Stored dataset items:
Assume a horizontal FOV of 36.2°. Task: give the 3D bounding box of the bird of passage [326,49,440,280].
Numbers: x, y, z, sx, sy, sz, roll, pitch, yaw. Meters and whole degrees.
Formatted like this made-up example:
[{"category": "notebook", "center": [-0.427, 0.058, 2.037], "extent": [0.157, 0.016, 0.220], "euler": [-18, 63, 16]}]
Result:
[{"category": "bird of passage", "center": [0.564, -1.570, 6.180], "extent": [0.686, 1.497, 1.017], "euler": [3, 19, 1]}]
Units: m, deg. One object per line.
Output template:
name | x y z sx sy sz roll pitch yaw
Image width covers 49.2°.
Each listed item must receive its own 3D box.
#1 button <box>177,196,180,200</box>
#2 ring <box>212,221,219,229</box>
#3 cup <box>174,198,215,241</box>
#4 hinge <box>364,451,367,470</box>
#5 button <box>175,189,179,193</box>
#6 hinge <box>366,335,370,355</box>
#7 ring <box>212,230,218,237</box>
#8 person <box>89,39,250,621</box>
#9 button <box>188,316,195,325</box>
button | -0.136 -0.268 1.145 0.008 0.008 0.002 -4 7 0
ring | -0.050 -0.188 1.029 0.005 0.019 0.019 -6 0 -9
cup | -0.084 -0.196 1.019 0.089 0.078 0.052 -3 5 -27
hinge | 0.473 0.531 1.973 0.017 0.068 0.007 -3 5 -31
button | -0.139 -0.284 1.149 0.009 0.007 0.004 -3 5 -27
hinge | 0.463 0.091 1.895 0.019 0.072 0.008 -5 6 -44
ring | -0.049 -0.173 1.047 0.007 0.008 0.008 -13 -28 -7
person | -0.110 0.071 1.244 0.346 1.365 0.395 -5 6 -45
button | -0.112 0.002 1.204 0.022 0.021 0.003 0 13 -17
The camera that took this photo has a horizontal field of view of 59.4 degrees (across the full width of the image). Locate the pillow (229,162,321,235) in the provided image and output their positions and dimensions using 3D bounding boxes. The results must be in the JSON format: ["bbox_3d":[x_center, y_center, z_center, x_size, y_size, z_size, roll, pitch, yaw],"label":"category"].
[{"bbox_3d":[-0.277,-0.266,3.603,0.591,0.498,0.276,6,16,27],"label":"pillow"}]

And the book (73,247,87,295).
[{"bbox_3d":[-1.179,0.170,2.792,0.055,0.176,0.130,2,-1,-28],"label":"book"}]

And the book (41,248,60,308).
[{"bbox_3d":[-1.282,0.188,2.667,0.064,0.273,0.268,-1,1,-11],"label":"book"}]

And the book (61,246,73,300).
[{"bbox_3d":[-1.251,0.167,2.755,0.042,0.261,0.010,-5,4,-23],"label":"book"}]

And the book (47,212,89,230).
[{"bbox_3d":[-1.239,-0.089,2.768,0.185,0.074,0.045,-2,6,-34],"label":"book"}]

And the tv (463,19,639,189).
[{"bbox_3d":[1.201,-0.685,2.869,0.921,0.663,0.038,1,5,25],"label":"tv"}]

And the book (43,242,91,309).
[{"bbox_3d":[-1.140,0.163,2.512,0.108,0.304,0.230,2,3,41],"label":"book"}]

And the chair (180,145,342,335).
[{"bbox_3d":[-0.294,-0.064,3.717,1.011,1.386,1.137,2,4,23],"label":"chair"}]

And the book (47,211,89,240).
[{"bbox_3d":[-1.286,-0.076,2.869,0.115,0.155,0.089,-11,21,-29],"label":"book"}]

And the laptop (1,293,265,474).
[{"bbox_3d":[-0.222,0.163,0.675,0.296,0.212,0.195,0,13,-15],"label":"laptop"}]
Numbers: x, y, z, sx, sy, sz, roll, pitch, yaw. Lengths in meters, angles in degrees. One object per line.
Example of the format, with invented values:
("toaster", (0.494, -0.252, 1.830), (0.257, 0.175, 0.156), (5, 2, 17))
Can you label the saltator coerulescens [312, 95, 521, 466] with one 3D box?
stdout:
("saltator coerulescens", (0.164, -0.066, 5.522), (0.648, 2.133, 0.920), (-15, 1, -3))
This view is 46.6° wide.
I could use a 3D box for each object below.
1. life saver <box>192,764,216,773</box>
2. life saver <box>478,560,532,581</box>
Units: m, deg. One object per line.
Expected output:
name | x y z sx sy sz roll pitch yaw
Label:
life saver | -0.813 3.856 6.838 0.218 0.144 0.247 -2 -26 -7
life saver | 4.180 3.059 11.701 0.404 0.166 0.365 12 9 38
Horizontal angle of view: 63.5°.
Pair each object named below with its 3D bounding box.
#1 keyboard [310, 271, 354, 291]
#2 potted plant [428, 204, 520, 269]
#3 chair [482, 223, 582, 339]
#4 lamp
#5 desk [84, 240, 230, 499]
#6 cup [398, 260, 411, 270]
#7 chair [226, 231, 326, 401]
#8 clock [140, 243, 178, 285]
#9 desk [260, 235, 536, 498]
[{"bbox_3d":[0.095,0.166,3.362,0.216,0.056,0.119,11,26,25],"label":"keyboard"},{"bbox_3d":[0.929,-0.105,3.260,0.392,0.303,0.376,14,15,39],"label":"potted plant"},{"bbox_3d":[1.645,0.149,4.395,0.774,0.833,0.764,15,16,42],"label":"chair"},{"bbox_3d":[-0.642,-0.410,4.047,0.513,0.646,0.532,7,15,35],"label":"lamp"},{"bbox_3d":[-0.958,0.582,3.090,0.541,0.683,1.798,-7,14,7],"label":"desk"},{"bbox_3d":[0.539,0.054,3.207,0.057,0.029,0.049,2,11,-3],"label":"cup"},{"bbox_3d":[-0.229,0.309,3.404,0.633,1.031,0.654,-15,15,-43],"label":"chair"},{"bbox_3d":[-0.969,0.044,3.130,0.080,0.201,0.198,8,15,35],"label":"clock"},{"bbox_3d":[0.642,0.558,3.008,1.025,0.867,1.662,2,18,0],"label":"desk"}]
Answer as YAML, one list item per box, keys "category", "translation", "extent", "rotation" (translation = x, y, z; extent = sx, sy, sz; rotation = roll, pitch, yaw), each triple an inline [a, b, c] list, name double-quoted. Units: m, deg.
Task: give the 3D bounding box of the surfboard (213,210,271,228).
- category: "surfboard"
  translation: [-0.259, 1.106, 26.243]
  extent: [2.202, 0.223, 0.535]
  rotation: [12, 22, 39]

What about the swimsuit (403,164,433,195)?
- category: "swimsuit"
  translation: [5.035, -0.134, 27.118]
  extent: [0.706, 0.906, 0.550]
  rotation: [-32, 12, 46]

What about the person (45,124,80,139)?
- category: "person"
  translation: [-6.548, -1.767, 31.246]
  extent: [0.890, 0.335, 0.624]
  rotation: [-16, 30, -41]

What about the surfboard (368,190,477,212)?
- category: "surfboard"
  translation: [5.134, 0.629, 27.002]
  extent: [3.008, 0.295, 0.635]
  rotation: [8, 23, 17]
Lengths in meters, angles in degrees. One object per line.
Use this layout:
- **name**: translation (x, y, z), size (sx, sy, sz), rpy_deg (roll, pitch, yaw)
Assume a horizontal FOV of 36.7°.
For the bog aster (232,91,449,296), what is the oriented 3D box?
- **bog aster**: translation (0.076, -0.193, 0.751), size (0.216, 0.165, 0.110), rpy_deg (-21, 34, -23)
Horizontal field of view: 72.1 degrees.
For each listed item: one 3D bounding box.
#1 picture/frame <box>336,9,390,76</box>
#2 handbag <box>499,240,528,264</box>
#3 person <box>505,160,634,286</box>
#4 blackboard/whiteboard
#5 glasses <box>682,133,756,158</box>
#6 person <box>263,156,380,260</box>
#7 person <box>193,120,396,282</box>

◆ PROBLEM TO WORK ON:
Nothing in the records above may be left out; repeat them exactly.

◆ WRITTEN ANSWER:
Assume a horizontal FOV of 36.2°. Task: give the 3D bounding box of the bird of passage [326,49,440,280].
Numbers: x, y, z, sx, sy, sz, roll, pitch, yaw. Meters and whole degrees.
Formatted like this made-up example:
[{"category": "notebook", "center": [-0.427, 0.058, 2.037], "extent": [0.157, 0.016, 0.220], "euler": [-18, 63, 16]}]
Result:
[{"category": "bird of passage", "center": [0.564, -1.570, 6.180], "extent": [0.686, 1.497, 1.017], "euler": [3, 19, 1]}]
Units: m, deg. One object per line.
Output template:
name | x y z sx sy sz roll pitch yaw
Image width covers 49.2°.
Each listed item must receive its own 3D box.
#1 button <box>177,196,180,200</box>
#2 ring <box>212,221,219,229</box>
#3 cup <box>174,198,215,241</box>
#4 hinge <box>364,451,367,470</box>
#5 button <box>175,189,179,193</box>
#6 hinge <box>366,335,370,355</box>
#7 ring <box>212,230,218,237</box>
#8 person <box>89,39,250,621</box>
#9 button <box>188,316,195,325</box>
button | -0.136 -0.268 1.145 0.008 0.008 0.002 -4 7 0
ring | -0.050 -0.188 1.029 0.005 0.019 0.019 -6 0 -9
cup | -0.084 -0.196 1.019 0.089 0.078 0.052 -3 5 -27
hinge | 0.473 0.531 1.973 0.017 0.068 0.007 -3 5 -31
button | -0.139 -0.284 1.149 0.009 0.007 0.004 -3 5 -27
hinge | 0.463 0.091 1.895 0.019 0.072 0.008 -5 6 -44
ring | -0.049 -0.173 1.047 0.007 0.008 0.008 -13 -28 -7
person | -0.110 0.071 1.244 0.346 1.365 0.395 -5 6 -45
button | -0.112 0.002 1.204 0.022 0.021 0.003 0 13 -17
The camera that took this photo has a horizontal field of view of 59.4 degrees (across the full width of the image). Locate the pillow (229,162,321,235) in the provided image and output their positions and dimensions using 3D bounding boxes. The results must be in the JSON format: ["bbox_3d":[x_center, y_center, z_center, x_size, y_size, z_size, roll, pitch, yaw],"label":"category"].
[{"bbox_3d":[-0.277,-0.266,3.603,0.591,0.498,0.276,6,16,27],"label":"pillow"}]

And the book (73,247,87,295).
[{"bbox_3d":[-1.179,0.170,2.792,0.055,0.176,0.130,2,-1,-28],"label":"book"}]

And the book (41,248,60,308).
[{"bbox_3d":[-1.282,0.188,2.667,0.064,0.273,0.268,-1,1,-11],"label":"book"}]

And the book (61,246,73,300).
[{"bbox_3d":[-1.251,0.167,2.755,0.042,0.261,0.010,-5,4,-23],"label":"book"}]

And the book (47,212,89,230).
[{"bbox_3d":[-1.239,-0.089,2.768,0.185,0.074,0.045,-2,6,-34],"label":"book"}]

And the tv (463,19,639,189).
[{"bbox_3d":[1.201,-0.685,2.869,0.921,0.663,0.038,1,5,25],"label":"tv"}]

And the book (43,242,91,309).
[{"bbox_3d":[-1.140,0.163,2.512,0.108,0.304,0.230,2,3,41],"label":"book"}]

And the chair (180,145,342,335).
[{"bbox_3d":[-0.294,-0.064,3.717,1.011,1.386,1.137,2,4,23],"label":"chair"}]

And the book (47,211,89,240).
[{"bbox_3d":[-1.286,-0.076,2.869,0.115,0.155,0.089,-11,21,-29],"label":"book"}]

And the laptop (1,293,265,474).
[{"bbox_3d":[-0.222,0.163,0.675,0.296,0.212,0.195,0,13,-15],"label":"laptop"}]
Numbers: x, y, z, sx, sy, sz, roll, pitch, yaw. Lengths in meters, angles in degrees. One object per line.
Example of the format, with invented values:
("toaster", (0.494, -0.252, 1.830), (0.257, 0.175, 0.156), (5, 2, 17))
Can you label the saltator coerulescens [312, 95, 521, 466] with one 3D box?
stdout:
("saltator coerulescens", (0.164, -0.066, 5.522), (0.648, 2.133, 0.920), (-15, 1, -3))
This view is 46.6° wide.
I could use a 3D box for each object below.
1. life saver <box>192,764,216,773</box>
2. life saver <box>478,560,532,581</box>
Units: m, deg. One object per line.
Expected output:
name | x y z sx sy sz roll pitch yaw
Label:
life saver | -0.813 3.856 6.838 0.218 0.144 0.247 -2 -26 -7
life saver | 4.180 3.059 11.701 0.404 0.166 0.365 12 9 38
Horizontal angle of view: 63.5°.
Pair each object named below with its 3D bounding box.
#1 keyboard [310, 271, 354, 291]
#2 potted plant [428, 204, 520, 269]
#3 chair [482, 223, 582, 339]
#4 lamp
#5 desk [84, 240, 230, 499]
#6 cup [398, 260, 411, 270]
#7 chair [226, 231, 326, 401]
#8 clock [140, 243, 178, 285]
#9 desk [260, 235, 536, 498]
[{"bbox_3d":[0.095,0.166,3.362,0.216,0.056,0.119,11,26,25],"label":"keyboard"},{"bbox_3d":[0.929,-0.105,3.260,0.392,0.303,0.376,14,15,39],"label":"potted plant"},{"bbox_3d":[1.645,0.149,4.395,0.774,0.833,0.764,15,16,42],"label":"chair"},{"bbox_3d":[-0.642,-0.410,4.047,0.513,0.646,0.532,7,15,35],"label":"lamp"},{"bbox_3d":[-0.958,0.582,3.090,0.541,0.683,1.798,-7,14,7],"label":"desk"},{"bbox_3d":[0.539,0.054,3.207,0.057,0.029,0.049,2,11,-3],"label":"cup"},{"bbox_3d":[-0.229,0.309,3.404,0.633,1.031,0.654,-15,15,-43],"label":"chair"},{"bbox_3d":[-0.969,0.044,3.130,0.080,0.201,0.198,8,15,35],"label":"clock"},{"bbox_3d":[0.642,0.558,3.008,1.025,0.867,1.662,2,18,0],"label":"desk"}]
Answer as YAML, one list item per box, keys "category", "translation", "extent", "rotation" (translation = x, y, z; extent = sx, sy, sz; rotation = roll, pitch, yaw), each triple an inline [a, b, c] list, name double-quoted. Units: m, deg.
Task: give the 3D bounding box of the surfboard (213,210,271,228).
- category: "surfboard"
  translation: [-0.259, 1.106, 26.243]
  extent: [2.202, 0.223, 0.535]
  rotation: [12, 22, 39]

What about the swimsuit (403,164,433,195)?
- category: "swimsuit"
  translation: [5.035, -0.134, 27.118]
  extent: [0.706, 0.906, 0.550]
  rotation: [-32, 12, 46]

What about the person (45,124,80,139)?
- category: "person"
  translation: [-6.548, -1.767, 31.246]
  extent: [0.890, 0.335, 0.624]
  rotation: [-16, 30, -41]

What about the surfboard (368,190,477,212)?
- category: "surfboard"
  translation: [5.134, 0.629, 27.002]
  extent: [3.008, 0.295, 0.635]
  rotation: [8, 23, 17]
Lengths in meters, angles in degrees. One object per line.
Use this layout:
- **name**: translation (x, y, z), size (sx, sy, sz), rpy_deg (roll, pitch, yaw)
Assume a horizontal FOV of 36.7°.
For the bog aster (232,91,449,296), what is the oriented 3D box?
- **bog aster**: translation (0.076, -0.193, 0.751), size (0.216, 0.165, 0.110), rpy_deg (-21, 34, -23)
Horizontal field of view: 72.1 degrees.
For each listed item: one 3D bounding box.
#1 picture/frame <box>336,9,390,76</box>
#2 handbag <box>499,240,528,264</box>
#3 person <box>505,160,634,286</box>
#4 blackboard/whiteboard
#5 glasses <box>682,133,756,158</box>
#6 person <box>263,156,380,260</box>
#7 person <box>193,120,396,282</box>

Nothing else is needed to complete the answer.